**TASK:** Set out exactly, line by line, the stretch of data below that begins at the line containing "point P1 (-8.6117, 5.9854)" and ends at the line containing "line L0 (19.6117, 15.4854)", with both ends kept.

(Items from a data source)
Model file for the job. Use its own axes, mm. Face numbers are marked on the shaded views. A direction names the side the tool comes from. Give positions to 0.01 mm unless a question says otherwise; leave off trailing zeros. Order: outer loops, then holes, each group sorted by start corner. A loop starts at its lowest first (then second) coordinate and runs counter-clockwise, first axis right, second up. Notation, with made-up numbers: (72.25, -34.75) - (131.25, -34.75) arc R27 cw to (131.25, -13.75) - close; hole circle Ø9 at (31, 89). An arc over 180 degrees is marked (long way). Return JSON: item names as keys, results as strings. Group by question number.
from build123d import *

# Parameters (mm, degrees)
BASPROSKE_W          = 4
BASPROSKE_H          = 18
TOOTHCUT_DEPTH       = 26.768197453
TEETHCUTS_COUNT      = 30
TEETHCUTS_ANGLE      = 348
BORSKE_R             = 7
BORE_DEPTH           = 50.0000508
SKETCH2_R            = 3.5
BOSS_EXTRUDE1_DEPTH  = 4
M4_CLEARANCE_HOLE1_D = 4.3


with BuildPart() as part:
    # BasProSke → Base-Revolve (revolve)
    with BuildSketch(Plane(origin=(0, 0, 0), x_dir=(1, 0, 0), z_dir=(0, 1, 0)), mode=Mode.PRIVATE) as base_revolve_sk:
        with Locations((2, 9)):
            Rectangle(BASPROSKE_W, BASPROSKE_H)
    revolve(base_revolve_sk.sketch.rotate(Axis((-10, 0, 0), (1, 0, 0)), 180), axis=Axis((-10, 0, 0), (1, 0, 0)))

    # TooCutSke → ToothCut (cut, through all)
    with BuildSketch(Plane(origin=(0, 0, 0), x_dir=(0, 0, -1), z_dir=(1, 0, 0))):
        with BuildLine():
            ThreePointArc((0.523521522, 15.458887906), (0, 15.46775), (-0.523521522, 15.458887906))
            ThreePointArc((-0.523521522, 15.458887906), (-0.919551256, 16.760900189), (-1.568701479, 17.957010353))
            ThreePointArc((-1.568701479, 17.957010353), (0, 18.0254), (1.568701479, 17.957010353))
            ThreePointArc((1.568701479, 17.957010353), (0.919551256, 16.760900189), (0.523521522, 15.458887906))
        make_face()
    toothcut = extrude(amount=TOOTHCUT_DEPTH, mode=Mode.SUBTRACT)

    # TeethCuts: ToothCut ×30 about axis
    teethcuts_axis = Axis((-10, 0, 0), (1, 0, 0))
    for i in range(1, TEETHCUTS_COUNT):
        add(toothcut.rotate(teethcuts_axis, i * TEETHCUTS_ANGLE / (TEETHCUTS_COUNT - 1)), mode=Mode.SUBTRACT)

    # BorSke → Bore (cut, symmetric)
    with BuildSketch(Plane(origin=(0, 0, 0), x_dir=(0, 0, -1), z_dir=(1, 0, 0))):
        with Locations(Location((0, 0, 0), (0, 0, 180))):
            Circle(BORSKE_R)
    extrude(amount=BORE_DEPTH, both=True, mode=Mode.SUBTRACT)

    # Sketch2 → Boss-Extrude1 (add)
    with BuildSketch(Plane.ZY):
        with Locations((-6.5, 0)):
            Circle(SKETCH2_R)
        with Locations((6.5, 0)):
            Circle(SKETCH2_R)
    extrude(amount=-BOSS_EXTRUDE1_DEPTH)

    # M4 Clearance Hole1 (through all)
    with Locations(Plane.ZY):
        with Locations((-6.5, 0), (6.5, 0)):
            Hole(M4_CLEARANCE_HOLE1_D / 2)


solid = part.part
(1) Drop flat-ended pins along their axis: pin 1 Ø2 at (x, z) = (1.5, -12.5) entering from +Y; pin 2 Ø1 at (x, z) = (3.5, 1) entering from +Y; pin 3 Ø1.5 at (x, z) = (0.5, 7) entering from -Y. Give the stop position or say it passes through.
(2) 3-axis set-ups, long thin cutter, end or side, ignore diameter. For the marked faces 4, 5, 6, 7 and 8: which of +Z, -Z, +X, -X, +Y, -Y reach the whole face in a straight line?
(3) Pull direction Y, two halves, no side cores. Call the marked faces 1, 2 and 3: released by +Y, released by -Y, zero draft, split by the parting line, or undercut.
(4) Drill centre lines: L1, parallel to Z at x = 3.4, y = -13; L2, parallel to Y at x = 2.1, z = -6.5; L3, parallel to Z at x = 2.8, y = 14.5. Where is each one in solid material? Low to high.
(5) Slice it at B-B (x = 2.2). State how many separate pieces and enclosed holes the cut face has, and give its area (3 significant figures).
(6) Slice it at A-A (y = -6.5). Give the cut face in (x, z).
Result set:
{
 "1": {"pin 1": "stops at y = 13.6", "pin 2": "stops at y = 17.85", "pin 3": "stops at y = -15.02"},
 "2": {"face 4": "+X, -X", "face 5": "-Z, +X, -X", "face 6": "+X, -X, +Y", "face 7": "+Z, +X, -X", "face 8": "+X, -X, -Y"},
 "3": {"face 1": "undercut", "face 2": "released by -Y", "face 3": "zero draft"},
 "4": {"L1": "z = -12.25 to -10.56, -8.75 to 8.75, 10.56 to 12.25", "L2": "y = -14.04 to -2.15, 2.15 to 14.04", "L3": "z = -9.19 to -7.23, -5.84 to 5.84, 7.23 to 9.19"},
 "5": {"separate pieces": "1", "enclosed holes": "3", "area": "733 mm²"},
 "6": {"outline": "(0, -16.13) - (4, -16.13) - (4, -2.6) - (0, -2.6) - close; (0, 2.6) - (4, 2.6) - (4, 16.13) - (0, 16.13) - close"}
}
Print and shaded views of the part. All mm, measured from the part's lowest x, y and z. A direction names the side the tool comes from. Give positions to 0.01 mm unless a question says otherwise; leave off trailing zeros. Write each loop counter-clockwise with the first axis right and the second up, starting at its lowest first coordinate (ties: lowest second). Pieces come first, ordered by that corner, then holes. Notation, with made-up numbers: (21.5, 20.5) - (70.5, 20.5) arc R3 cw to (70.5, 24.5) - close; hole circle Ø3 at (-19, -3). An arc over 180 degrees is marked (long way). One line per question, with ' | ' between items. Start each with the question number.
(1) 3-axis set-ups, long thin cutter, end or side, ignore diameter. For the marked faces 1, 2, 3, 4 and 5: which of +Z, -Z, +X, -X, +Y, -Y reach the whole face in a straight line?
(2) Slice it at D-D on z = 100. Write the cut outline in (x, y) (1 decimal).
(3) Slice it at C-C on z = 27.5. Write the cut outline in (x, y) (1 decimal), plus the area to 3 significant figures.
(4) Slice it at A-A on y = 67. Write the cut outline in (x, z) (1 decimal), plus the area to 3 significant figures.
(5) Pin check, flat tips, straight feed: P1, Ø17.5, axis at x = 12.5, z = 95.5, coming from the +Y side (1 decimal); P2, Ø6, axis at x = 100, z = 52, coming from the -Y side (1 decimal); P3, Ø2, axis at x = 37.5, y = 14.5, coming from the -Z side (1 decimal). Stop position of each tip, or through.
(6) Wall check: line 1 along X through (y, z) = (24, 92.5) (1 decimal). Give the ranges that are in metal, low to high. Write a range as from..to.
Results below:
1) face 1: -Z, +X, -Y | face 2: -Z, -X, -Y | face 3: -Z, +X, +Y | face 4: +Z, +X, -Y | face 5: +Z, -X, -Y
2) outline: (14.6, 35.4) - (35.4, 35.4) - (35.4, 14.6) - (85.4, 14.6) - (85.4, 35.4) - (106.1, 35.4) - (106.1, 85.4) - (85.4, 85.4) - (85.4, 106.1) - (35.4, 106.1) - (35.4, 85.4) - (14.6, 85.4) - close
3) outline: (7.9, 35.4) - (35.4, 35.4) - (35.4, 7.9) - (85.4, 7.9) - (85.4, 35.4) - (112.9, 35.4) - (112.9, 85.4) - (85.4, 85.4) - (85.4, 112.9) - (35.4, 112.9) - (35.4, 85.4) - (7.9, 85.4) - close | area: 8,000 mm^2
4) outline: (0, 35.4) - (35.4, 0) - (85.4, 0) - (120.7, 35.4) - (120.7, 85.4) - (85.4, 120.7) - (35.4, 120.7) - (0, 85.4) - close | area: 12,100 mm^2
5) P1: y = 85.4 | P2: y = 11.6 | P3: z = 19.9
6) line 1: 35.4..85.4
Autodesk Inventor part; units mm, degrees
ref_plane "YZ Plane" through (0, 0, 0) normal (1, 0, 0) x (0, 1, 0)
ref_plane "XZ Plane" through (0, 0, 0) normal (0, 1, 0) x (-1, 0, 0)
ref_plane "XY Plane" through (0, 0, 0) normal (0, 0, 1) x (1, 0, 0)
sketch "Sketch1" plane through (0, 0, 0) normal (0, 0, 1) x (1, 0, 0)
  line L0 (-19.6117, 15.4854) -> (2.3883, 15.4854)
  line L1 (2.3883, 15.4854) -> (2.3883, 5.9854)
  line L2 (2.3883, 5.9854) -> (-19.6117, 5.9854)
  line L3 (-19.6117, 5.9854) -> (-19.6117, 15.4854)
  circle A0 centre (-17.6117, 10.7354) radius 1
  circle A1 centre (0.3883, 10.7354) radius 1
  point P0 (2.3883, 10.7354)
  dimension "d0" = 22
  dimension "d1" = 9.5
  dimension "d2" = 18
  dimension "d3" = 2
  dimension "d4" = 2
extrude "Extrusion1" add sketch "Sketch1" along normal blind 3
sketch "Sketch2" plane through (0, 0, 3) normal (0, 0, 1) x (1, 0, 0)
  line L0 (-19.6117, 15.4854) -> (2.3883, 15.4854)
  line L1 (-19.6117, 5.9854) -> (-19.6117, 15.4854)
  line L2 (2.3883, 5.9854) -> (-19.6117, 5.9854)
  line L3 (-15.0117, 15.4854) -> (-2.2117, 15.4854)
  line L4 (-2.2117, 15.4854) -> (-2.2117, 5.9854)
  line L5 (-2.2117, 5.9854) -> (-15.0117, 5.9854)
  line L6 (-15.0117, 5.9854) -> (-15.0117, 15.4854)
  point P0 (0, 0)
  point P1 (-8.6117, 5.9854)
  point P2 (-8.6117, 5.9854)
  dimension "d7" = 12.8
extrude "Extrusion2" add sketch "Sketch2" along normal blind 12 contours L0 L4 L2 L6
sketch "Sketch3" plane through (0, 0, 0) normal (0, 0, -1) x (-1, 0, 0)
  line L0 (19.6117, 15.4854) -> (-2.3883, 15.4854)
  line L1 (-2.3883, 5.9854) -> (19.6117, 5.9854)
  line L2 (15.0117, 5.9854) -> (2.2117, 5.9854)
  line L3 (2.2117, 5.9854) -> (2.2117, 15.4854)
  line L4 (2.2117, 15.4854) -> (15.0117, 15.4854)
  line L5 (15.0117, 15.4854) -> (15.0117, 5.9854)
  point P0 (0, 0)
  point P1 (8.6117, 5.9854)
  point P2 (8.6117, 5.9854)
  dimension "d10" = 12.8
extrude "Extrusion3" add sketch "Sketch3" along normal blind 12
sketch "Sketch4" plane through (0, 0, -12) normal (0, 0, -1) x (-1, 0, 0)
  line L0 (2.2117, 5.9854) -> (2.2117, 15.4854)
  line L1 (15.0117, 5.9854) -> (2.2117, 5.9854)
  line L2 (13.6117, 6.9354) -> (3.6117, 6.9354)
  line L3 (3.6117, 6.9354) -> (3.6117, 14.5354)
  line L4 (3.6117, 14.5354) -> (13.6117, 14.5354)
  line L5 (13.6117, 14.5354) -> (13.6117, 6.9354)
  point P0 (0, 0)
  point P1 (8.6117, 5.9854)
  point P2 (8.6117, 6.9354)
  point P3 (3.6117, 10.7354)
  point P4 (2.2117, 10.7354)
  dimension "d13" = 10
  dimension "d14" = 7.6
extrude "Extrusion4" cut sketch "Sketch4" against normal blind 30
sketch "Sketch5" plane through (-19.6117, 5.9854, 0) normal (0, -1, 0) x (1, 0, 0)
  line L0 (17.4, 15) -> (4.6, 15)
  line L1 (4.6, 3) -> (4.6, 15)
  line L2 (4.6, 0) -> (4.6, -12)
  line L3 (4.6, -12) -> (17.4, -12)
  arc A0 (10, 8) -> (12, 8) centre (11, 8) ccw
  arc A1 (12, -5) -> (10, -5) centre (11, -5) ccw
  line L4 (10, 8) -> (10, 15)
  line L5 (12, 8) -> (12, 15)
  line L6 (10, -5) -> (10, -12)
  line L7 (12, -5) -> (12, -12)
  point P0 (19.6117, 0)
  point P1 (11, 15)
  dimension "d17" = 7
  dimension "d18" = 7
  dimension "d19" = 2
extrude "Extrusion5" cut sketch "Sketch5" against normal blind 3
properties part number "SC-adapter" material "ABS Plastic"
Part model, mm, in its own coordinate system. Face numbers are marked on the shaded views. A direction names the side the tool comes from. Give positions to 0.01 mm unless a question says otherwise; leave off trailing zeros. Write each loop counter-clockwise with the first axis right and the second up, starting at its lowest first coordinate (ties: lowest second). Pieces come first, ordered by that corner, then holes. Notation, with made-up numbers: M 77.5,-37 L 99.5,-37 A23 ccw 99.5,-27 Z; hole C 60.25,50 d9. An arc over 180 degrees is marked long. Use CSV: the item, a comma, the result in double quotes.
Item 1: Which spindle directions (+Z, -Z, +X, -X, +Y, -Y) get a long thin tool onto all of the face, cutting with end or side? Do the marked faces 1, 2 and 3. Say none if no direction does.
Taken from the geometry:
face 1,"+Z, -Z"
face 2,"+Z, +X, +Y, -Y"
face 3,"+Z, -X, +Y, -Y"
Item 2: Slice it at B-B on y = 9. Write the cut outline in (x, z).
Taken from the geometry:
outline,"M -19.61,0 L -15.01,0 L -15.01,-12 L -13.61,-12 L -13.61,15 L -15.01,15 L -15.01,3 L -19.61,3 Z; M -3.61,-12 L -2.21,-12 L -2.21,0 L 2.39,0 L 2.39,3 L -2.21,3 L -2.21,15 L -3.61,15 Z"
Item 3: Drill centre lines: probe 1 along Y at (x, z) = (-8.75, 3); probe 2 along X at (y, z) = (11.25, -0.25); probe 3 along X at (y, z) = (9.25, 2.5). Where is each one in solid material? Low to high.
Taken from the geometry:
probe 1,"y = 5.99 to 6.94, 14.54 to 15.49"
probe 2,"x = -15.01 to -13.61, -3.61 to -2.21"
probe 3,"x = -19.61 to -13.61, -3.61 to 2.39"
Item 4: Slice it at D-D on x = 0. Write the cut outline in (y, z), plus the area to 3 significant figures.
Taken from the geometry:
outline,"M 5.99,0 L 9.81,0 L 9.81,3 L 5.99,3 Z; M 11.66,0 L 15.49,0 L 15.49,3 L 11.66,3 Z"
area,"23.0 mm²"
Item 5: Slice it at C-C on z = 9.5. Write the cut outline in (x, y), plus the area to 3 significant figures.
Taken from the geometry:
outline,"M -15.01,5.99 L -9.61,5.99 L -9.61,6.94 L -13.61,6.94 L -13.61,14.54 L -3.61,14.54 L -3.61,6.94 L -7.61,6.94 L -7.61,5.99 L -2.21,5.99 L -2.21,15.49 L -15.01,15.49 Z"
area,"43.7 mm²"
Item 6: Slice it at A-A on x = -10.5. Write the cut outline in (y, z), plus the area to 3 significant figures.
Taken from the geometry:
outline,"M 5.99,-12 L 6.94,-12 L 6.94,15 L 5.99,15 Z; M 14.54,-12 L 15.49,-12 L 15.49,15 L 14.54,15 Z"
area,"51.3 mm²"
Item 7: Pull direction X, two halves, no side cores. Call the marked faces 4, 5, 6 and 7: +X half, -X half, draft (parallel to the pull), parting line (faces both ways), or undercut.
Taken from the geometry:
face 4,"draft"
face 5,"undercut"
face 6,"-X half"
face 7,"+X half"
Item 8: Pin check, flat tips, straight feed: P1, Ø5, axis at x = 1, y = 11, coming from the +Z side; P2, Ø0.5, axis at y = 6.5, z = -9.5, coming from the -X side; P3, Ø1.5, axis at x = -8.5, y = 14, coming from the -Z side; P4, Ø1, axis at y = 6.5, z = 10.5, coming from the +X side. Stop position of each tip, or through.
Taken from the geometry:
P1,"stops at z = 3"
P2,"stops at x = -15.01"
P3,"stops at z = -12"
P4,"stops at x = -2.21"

**ANSWER TO THIS PROBLEM:**
  point P1 (-8.6117, 5.9854)
  point P2 (-8.6117, 5.9854)
  dimension "d7" = 12.8
extrude "Extrusion2" add sketch "Sketch2" along normal blind 12 contours L0 L4 L2 L6
sketch "Sketch3" plane through (0, 0, 0) normal (0, 0, -1) x (-1, 0, 0)
  line L0 (19.6117, 15.4854) -> (-2.3883, 15.4854)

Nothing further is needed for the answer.